Today, during the obstacle course run with live fire rounds, two students had fallen. A girl and a boy. Katya and Brandon. Katya was a Russian orphan and Brandon, another child in the American Foster Care System. No one would realize they were gone, except those of us in Third Gen who had grown up with them the past six years. I am the only one in my entire group that has real parents. A real family to miss them who know nothing of this world. Everyone else is either an orphan, in the system or already born into The Council. My peers deaths served as an important reminder to us all, to pay attention. Cassiopeia's warning to me before the race about compartmentalizing my feelings for my mother and outside life rang loudly through my mind in this moment. I couldn't afford to let my mind wander or I'd be killed.

"What are you learning tonight?" Mikael asked quietly knowing all about our anatomy classes in having heard the stories.

"The effects of different kinds of venom on the circulatory system and organ tissue." I answered calmly thinking about the room filled with snakes, spiders, scorpions and the like that we'd be extracting and testing poisons from.

"You're both going?" Mikael looked between Nyah and myself.

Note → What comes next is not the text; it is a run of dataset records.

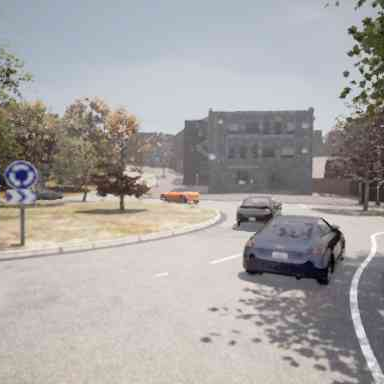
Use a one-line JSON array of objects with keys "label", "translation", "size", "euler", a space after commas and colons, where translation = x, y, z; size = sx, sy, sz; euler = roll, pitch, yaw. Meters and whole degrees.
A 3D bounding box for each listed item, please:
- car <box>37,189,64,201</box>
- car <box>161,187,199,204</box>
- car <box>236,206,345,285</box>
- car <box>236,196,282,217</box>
[{"label": "car", "translation": [-18.464, 0.358, 40.345], "size": [5.357, 1.411, 2.033], "euler": [0, 2, -15]}, {"label": "car", "translation": [-1.391, 0.271, 36.154], "size": [2.097, 1.767, 4.553], "euler": [-2, 2, -45]}, {"label": "car", "translation": [2.902, 1.301, 8.992], "size": [1.994, 1.385, 4.181], "euler": [1, 2, 30]}, {"label": "car", "translation": [3.624, 0.969, 17.651], "size": [2.128, 1.511, 4.902], "euler": [1, 2, 20]}]
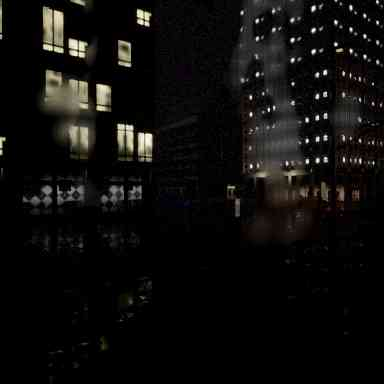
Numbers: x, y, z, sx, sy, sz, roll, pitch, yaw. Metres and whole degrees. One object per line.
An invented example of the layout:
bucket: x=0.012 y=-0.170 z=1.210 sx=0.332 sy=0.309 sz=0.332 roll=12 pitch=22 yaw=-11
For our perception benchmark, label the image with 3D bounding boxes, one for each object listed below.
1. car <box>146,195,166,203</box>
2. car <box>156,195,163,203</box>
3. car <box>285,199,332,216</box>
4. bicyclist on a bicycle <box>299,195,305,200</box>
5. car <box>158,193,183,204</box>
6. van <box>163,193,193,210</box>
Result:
car: x=-6.954 y=1.238 z=63.305 sx=1.887 sy=1.381 sz=4.507 roll=0 pitch=0 yaw=-34
car: x=-6.768 y=1.282 z=58.416 sx=2.033 sy=1.411 sz=5.357 roll=-1 pitch=1 yaw=-35
car: x=11.133 y=1.366 z=31.758 sx=1.882 sy=1.535 sz=5.008 roll=-1 pitch=1 yaw=-33
bicyclist on a bicycle: x=12.950 y=1.117 z=39.221 sx=1.656 sy=1.620 sz=0.582 roll=-1 pitch=1 yaw=-34
car: x=-3.842 y=1.035 z=58.721 sx=2.192 sy=1.841 sz=5.009 roll=0 pitch=0 yaw=-34
van: x=-1.440 y=1.210 z=40.266 sx=1.690 sy=1.788 sz=3.998 roll=0 pitch=0 yaw=-34
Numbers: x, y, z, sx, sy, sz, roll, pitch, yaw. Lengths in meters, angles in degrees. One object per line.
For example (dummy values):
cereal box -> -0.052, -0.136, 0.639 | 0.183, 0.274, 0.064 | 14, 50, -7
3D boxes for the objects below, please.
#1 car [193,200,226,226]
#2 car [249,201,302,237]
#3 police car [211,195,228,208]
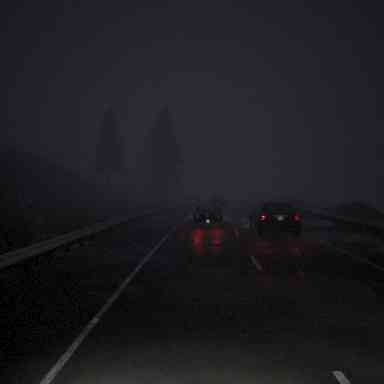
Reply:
car -> 1.154, 1.486, 22.545 | 1.895, 1.301, 4.718 | 0, 0, 5
car -> 4.306, 1.264, 17.784 | 2.097, 1.767, 4.553 | 0, 0, 4
police car -> 3.396, 1.216, 41.349 | 1.930, 1.638, 5.238 | 0, 0, 9
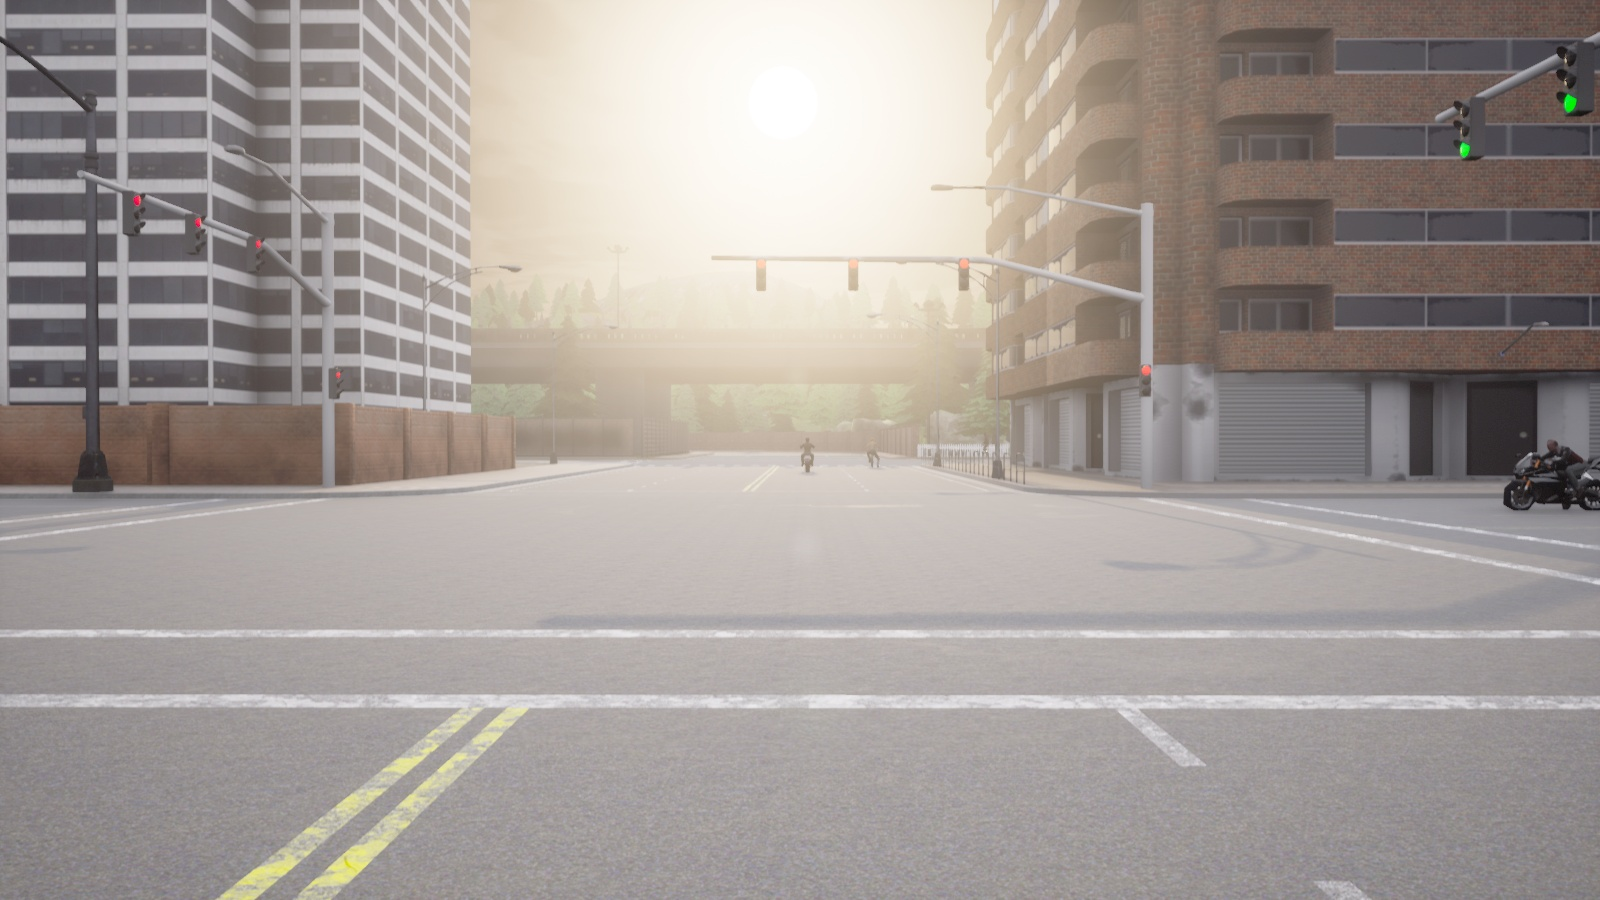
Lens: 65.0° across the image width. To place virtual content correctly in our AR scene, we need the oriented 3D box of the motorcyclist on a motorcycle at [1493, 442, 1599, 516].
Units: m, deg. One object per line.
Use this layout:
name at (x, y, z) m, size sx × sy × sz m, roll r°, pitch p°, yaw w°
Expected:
motorcyclist on a motorcycle at (15.862, 0.592, 26.327) m, size 2.191 × 1.530 × 0.866 m, roll 0°, pitch 0°, yaw 1°
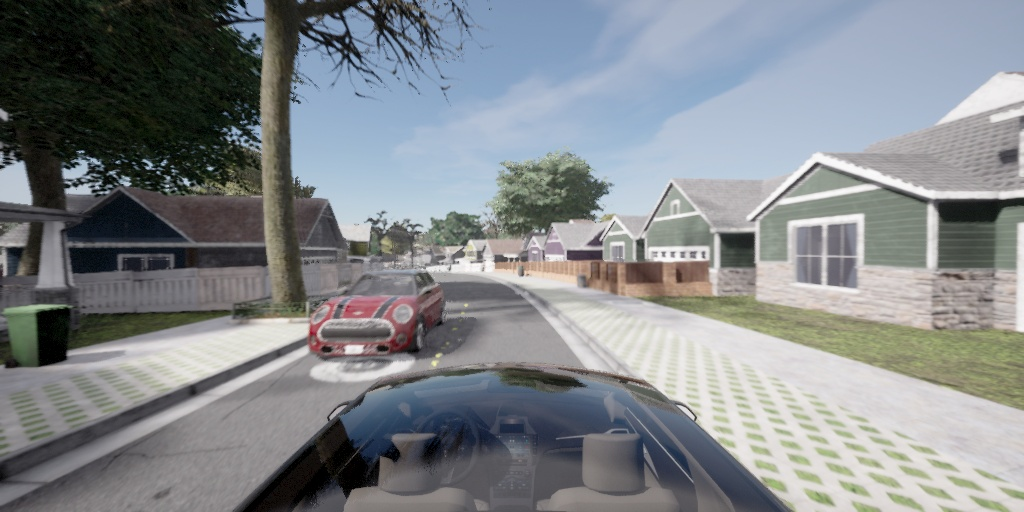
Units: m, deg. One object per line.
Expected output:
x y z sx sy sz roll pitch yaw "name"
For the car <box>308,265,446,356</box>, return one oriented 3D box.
-2.965 1.129 8.824 2.097 1.767 4.553 0 0 -2 "car"

"No, we've been split in our training as well. I have a Cyber Hacking class this evening." Nyah answered plainly without any fiery emotion in her voice this time. The tension between the two was seemingly gone now or at least for the moment.

"Nyah is being trained as a Team Leader." I answered with a soft and proud smile. What Nyah lacked in terms of skills on the course, she made up for with brainpower and critical thinking skills. Being the proverbial 'granddaughter' of Ulric Hendrix, the Head of our Division, it was a no brainer that Nyah would end up being a Team Leader in the field. As such, she was going to be exposed to every division within our division in order to best lead.

"I know." Mikael answered sounding none too happy about that. "Ulric informed us both before our arrival about his expectations of us in the coming years." He shook his head with a sigh, "But what about you? Where are you headed into The Program?" There were several different divisions even inside this one. Some went on to specialized Cyber Skills, others in Field Training for Ops Missions, others as Assassins and so on.

"I've been declared Undecided." I answered quietly and immediately see the shock on Mikael's face. It was abnormal for me to be given such a distinction when everyone else had been declared by now. To be Undecided meant that Ulric was still deciding my fate and that, was an absolutely terrifying prospect.